> **Source records**
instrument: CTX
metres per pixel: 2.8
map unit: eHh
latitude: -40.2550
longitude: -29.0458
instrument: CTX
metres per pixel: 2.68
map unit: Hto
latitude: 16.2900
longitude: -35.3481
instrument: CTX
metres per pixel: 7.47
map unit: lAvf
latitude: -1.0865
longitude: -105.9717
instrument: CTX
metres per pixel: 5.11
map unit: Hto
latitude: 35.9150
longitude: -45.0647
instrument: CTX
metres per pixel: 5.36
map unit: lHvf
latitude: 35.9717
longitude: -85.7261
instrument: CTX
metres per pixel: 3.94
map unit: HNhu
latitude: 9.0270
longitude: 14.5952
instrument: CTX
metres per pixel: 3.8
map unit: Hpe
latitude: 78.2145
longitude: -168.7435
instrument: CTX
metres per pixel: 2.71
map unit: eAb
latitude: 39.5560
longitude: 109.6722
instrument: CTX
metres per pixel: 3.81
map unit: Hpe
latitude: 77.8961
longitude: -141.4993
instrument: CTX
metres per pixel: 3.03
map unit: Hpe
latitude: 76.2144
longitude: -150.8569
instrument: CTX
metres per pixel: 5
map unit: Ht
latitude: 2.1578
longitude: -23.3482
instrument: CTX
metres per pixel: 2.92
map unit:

...

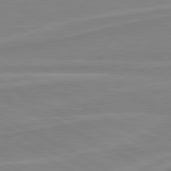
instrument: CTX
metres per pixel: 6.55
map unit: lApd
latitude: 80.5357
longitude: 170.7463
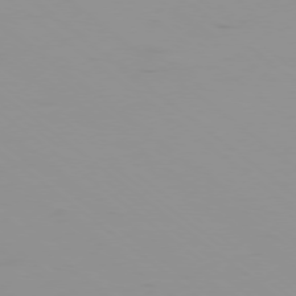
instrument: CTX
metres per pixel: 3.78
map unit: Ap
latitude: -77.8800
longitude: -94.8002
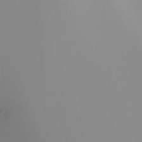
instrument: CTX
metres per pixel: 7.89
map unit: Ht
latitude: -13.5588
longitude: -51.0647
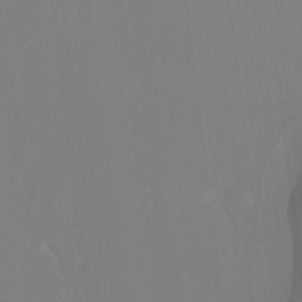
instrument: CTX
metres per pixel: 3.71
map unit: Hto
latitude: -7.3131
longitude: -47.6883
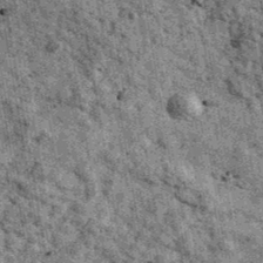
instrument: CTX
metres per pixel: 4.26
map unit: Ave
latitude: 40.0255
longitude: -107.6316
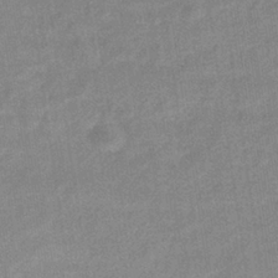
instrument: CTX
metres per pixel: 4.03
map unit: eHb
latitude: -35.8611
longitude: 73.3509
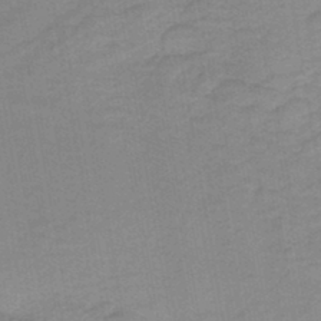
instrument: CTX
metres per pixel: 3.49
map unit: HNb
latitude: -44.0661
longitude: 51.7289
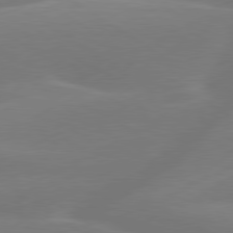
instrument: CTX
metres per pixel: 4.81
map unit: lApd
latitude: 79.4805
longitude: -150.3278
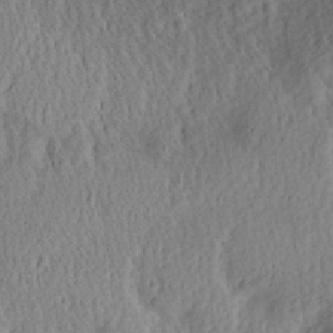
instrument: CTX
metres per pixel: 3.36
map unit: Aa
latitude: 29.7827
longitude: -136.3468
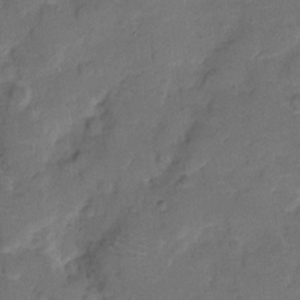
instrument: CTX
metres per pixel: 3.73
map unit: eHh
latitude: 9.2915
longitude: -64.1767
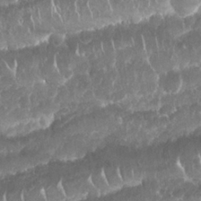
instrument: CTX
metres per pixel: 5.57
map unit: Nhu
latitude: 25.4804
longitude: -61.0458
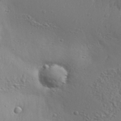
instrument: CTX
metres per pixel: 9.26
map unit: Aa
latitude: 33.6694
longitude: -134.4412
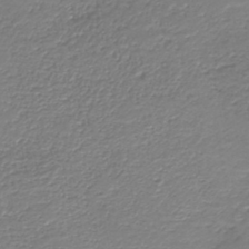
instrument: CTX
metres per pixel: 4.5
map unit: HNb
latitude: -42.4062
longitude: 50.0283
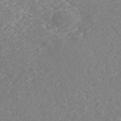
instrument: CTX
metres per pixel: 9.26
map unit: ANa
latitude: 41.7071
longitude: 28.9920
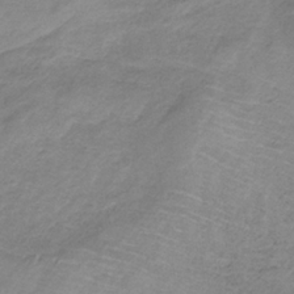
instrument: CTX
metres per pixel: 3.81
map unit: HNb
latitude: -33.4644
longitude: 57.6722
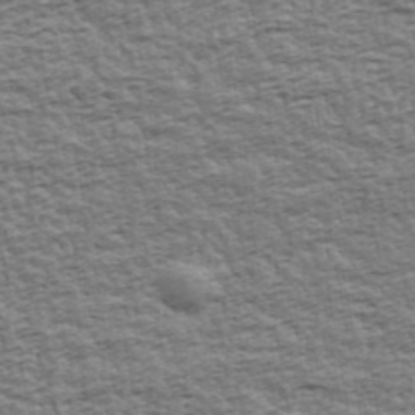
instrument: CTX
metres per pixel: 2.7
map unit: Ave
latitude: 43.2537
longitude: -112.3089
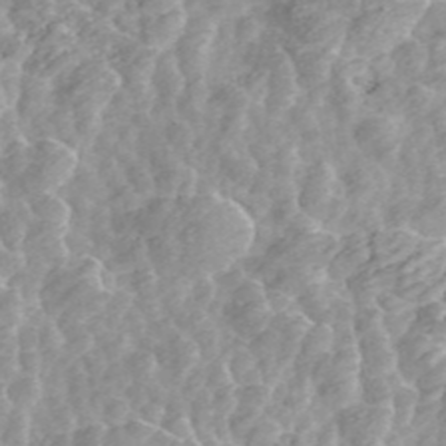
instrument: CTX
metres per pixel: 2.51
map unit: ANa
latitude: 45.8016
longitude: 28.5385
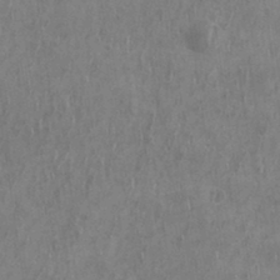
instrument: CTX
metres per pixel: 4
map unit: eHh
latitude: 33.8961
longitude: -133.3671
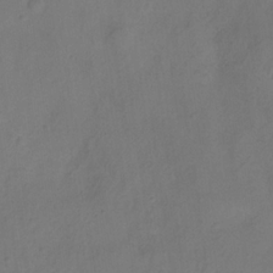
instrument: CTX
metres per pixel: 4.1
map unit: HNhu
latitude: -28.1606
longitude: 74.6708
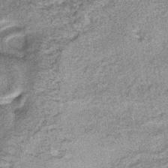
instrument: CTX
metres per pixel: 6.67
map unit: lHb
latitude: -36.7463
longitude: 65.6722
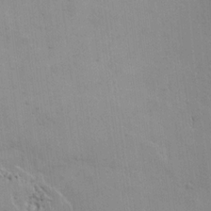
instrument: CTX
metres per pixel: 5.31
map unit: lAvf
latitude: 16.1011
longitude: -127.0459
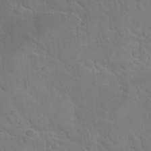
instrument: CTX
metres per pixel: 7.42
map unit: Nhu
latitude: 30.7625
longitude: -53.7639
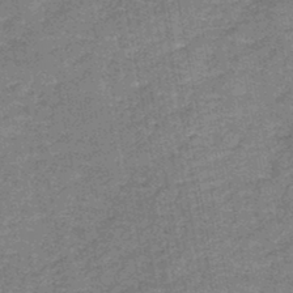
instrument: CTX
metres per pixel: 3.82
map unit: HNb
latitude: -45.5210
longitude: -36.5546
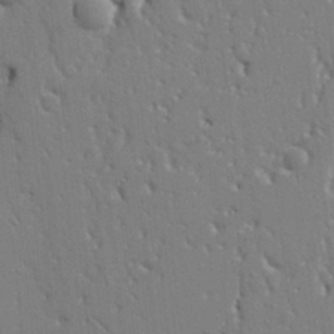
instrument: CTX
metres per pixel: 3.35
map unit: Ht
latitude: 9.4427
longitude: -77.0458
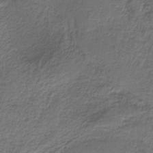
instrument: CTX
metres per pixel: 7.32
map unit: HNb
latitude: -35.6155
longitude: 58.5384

> **What to produce**
Would you please copy, word for word, everything above from the line containing "latitude: 16.2900" down to the line containing "latitude: 39.5560", those two lines included?

> **Exercise solution**
latitude: 16.2900
longitude: -35.3481
instrument: CTX
metres per pixel: 7.47
map unit: lAvf
latitude: -1.0865
longitude: -105.9717
instrument: CTX
metres per pixel: 5.11
map unit: Hto
latitude: 35.9150
longitude: -45.0647
instrument: CTX
metres per pixel: 5.36
map unit: lHvf
latitude: 35.9717
longitude: -85.7261
instrument: CTX
metres per pixel: 3.94
map unit: HNhu
latitude: 9.0270
longitude: 14.5952
instrument: CTX
metres per pixel: 3.8
map unit: Hpe
latitude: 78.2145
longitude: -168.7435
instrument: CTX
metres per pixel: 2.71
map unit: eAb
latitude: 39.5560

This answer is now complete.